*** Block opens ***
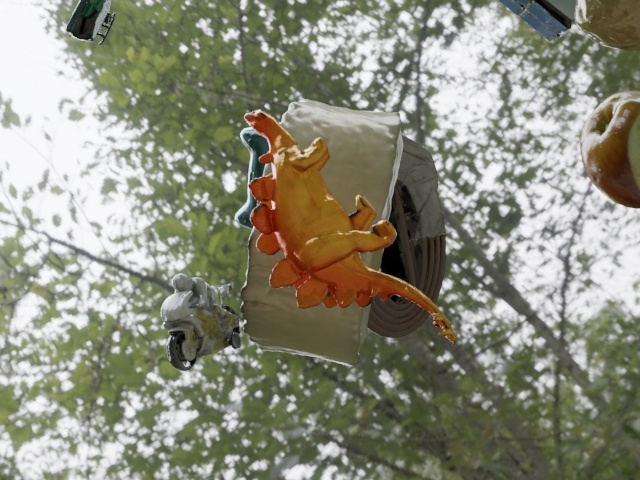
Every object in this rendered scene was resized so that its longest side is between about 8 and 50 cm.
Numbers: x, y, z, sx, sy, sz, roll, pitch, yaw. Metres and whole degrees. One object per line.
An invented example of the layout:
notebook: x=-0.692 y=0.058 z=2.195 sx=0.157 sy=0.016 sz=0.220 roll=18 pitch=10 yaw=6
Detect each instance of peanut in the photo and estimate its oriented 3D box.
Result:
peanut: x=0.330 y=-0.261 z=0.820 sx=0.141 sy=0.109 sz=0.159 roll=-6 pitch=-43 yaw=-42

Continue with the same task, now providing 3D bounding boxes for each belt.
belt: x=0.095 y=-0.012 z=1.359 sx=0.217 sy=0.122 sz=0.338 roll=-17 pitch=-70 yaw=-27

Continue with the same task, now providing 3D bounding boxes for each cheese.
cheese: x=0.008 y=-0.003 z=1.058 sx=0.153 sy=0.292 sz=0.332 roll=12 pitch=-37 yaw=3

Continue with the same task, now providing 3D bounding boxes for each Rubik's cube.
Rubik's cube: x=0.412 y=-0.476 z=1.453 sx=0.180 sy=0.167 sz=0.183 roll=-51 pitch=0 yaw=9

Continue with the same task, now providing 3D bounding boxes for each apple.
apple: x=0.536 y=-0.156 z=1.426 sx=0.173 sy=0.160 sz=0.195 roll=31 pitch=-97 yaw=-12

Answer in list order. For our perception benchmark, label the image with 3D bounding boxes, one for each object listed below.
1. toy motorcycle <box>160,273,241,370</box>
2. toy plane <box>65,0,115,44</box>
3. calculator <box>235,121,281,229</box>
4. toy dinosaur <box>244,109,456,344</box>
toy motorcycle: x=-0.197 y=0.121 z=1.355 sx=0.074 sy=0.151 sz=0.229 roll=-18 pitch=4 yaw=24
toy plane: x=-0.390 y=-0.425 z=1.450 sx=0.060 sy=0.235 sz=0.096 roll=15 pitch=-30 yaw=1
calculator: x=0.024 y=-0.111 z=1.681 sx=0.387 sy=0.054 sz=0.256 roll=5 pitch=-78 yaw=-2
toy dinosaur: x=0.000 y=0.000 z=0.742 sx=0.117 sy=0.288 sz=0.070 roll=-35 pitch=-16 yaw=1
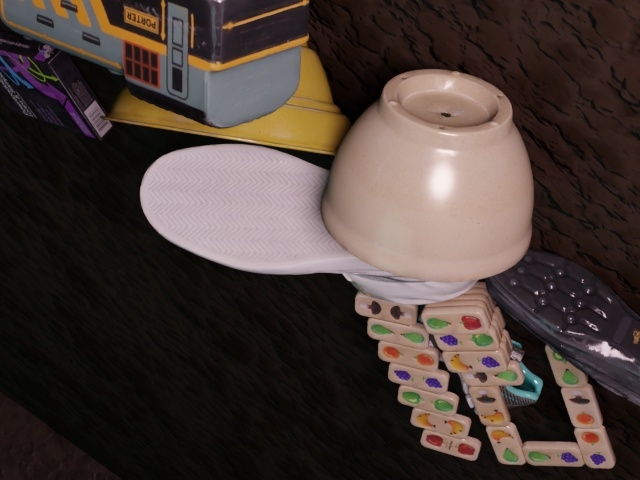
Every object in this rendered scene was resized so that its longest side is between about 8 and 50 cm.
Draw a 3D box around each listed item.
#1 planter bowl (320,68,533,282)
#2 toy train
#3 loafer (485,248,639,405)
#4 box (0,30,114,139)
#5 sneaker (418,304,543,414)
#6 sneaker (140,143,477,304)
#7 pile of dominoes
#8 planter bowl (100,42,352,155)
[{"bbox_3d":[0.086,-0.060,1.195,0.162,0.162,0.109,27,128,27],"label":"planter bowl"},{"bbox_3d":[-0.144,-0.208,1.186,0.334,0.142,0.190,23,122,35],"label":"toy train"},{"bbox_3d":[0.231,0.084,1.320,0.223,0.076,0.078,31,149,9],"label":"loafer"},{"bbox_3d":[-0.304,-0.170,1.718,0.162,0.029,0.116,19,151,42],"label":"box"},{"bbox_3d":[0.155,0.101,1.514,0.076,0.065,0.166,-8,135,39],"label":"sneaker"},{"bbox_3d":[0.000,0.000,1.361,0.292,0.108,0.169,8,164,6],"label":"sneaker"},{"bbox_3d":[0.149,0.139,1.482,0.196,0.040,0.251,-3,133,26],"label":"pile of dominoes"},{"bbox_3d":[-0.065,-0.126,1.305,0.217,0.090,0.217,9,-177,0],"label":"planter bowl"}]
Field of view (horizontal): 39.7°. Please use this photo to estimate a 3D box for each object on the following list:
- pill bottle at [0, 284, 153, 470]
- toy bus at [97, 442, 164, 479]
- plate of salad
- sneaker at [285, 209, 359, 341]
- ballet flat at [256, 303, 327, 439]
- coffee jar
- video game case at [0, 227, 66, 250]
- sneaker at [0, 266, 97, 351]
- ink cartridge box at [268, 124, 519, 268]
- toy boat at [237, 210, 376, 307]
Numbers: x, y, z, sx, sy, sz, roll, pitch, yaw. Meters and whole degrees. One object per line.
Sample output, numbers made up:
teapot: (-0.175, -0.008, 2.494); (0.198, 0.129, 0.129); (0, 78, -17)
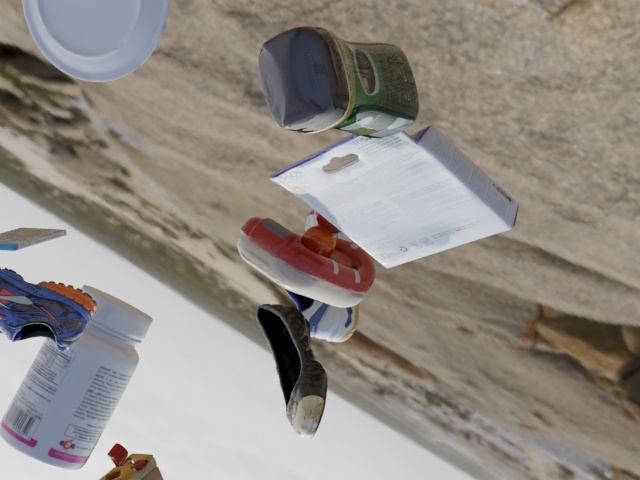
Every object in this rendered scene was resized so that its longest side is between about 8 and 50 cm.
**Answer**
pill bottle: (-0.410, 0.230, 1.511); (0.160, 0.283, 0.160); (27, 175, 3)
toy bus: (-0.398, 0.502, 1.721); (0.104, 0.190, 0.202); (-8, 151, 38)
plate of salad: (-0.264, -0.289, 1.050); (0.200, 0.199, 0.048); (33, -161, 9)
sneaker: (-0.010, 0.052, 1.715); (0.131, 0.296, 0.112); (10, 141, -25)
ballet flat: (-0.028, 0.115, 0.784); (0.049, 0.057, 0.173); (18, -158, -20)
coffee jar: (0.020, -0.149, 0.853); (0.079, 0.096, 0.184); (-18, 174, 32)
video game case: (-0.618, -0.004, 1.811); (0.119, 0.015, 0.166); (3, -168, 20)
sneaker: (-0.417, 0.089, 1.186); (0.221, 0.087, 0.083); (14, 154, -7)
ink cartridge box: (0.087, -0.063, 1.087); (0.224, 0.045, 0.223); (37, 145, -27)
toy boat: (0.000, 0.000, 1.286); (0.151, 0.151, 0.231); (33, -175, 35)
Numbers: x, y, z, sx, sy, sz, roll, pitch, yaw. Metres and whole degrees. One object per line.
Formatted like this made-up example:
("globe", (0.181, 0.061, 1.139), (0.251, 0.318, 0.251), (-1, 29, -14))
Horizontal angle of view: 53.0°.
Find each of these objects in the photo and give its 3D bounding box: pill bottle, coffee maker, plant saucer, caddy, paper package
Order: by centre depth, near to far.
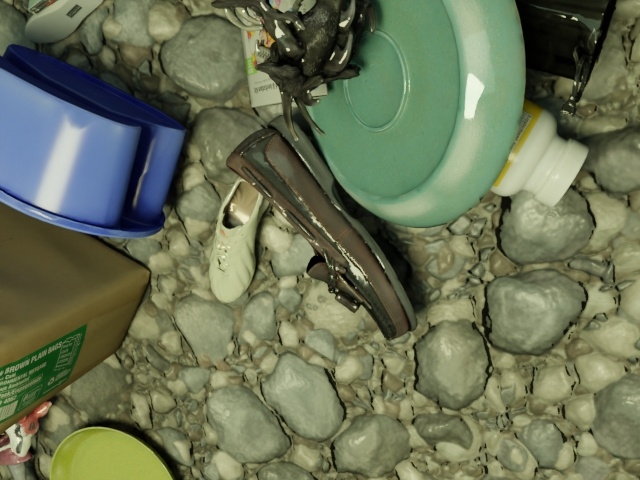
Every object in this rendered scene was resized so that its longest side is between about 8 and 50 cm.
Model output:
("coffee maker", (0.190, -0.228, 0.633), (0.178, 0.171, 0.120), (18, 139, 21))
("plant saucer", (0.067, -0.164, 0.658), (0.318, 0.044, 0.317), (28, 125, 49))
("pill bottle", (0.187, -0.112, 0.696), (0.184, 0.103, 0.103), (30, 110, 9))
("caddy", (-0.339, -0.116, 0.800), (0.341, 0.241, 0.179), (28, 103, 11))
("paper package", (-0.446, 0.079, 0.834), (0.310, 0.325, 0.168), (26, 110, 10))
("plant saucer", (-0.318, 0.399, 1.019), (0.241, 0.037, 0.240), (4, 103, 18))

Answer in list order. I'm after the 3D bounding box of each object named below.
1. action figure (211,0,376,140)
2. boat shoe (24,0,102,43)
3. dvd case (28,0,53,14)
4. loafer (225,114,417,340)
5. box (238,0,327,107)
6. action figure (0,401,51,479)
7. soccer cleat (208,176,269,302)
("action figure", (-0.018, -0.239, 0.582), (0.141, 0.164, 0.275), (28, 116, 32))
("boat shoe", (-0.341, -0.314, 0.861), (0.142, 0.049, 0.040), (-24, 61, 23))
("dvd case", (-0.333, -0.355, 0.836), (0.120, 0.013, 0.087), (-23, 57, 21))
("loafer", (0.000, 0.000, 0.766), (0.095, 0.109, 0.302), (-33, 93, -11))
("box", (-0.050, -0.251, 0.732), (0.145, 0.038, 0.186), (15, 115, 61))
("action figure", (-0.593, 0.318, 1.050), (0.370, 0.248, 0.275), (-24, 49, 9))
("soccer cleat", (-0.112, -0.004, 0.835), (0.068, 0.076, 0.196), (23, 109, 12))
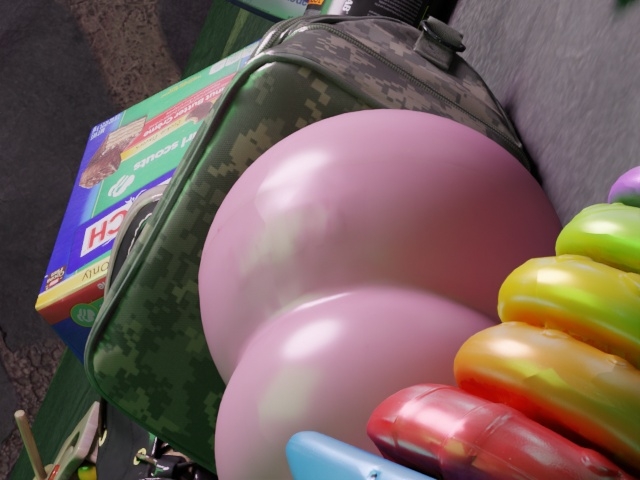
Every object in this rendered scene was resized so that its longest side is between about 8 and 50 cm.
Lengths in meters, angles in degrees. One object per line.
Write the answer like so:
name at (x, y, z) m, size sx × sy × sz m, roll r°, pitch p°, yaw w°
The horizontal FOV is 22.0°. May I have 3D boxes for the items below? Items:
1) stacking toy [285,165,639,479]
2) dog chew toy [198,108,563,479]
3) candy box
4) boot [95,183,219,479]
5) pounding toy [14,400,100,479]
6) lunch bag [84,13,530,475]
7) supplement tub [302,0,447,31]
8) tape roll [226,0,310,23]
stacking toy at (0.143, 0.027, 0.654) m, size 0.302 × 0.165 × 0.175 m, roll -57°, pitch 26°, yaw -12°
dog chew toy at (0.034, 0.089, 0.847) m, size 0.332 × 0.206 × 0.206 m, roll -88°, pitch 25°, yaw -42°
candy box at (-0.134, -0.042, 1.705) m, size 0.268 × 0.122 × 0.317 m, roll -25°, pitch 33°, yaw 23°
boot at (-0.122, 0.172, 1.339) m, size 0.284 × 0.138 × 0.377 m, roll -100°, pitch 19°, yaw -65°
pounding toy at (-0.330, 0.297, 2.029) m, size 0.269 × 0.155 × 0.154 m, roll -50°, pitch 16°, yaw 51°
lunch bag at (0.000, 0.000, 1.148) m, size 0.305 × 0.212 × 0.256 m, roll -60°, pitch -3°, yaw 22°
supplement tub at (0.047, -0.206, 1.501) m, size 0.190 × 0.117 × 0.117 m, roll -66°, pitch 12°, yaw -2°
tape roll at (-0.056, -0.303, 1.739) m, size 0.090 × 0.274 × 0.275 m, roll -67°, pitch 13°, yaw -4°
*** Block closes ***
▸ DIRECTIONS: Which lines of the data above contain the string "photo"? Copy each of them.

▸ TASK RESULT:
Detect each instance of peanut in the photo and estimate its oriented 3D box.
Field of view (horizontal): 39.7°. Please use this photo to estimate a 3D box for each object on the following list:
Find each of these objects in the photo and give its 3D bounding box: pill bottle, coffee maker, plant saucer, caddy, paper package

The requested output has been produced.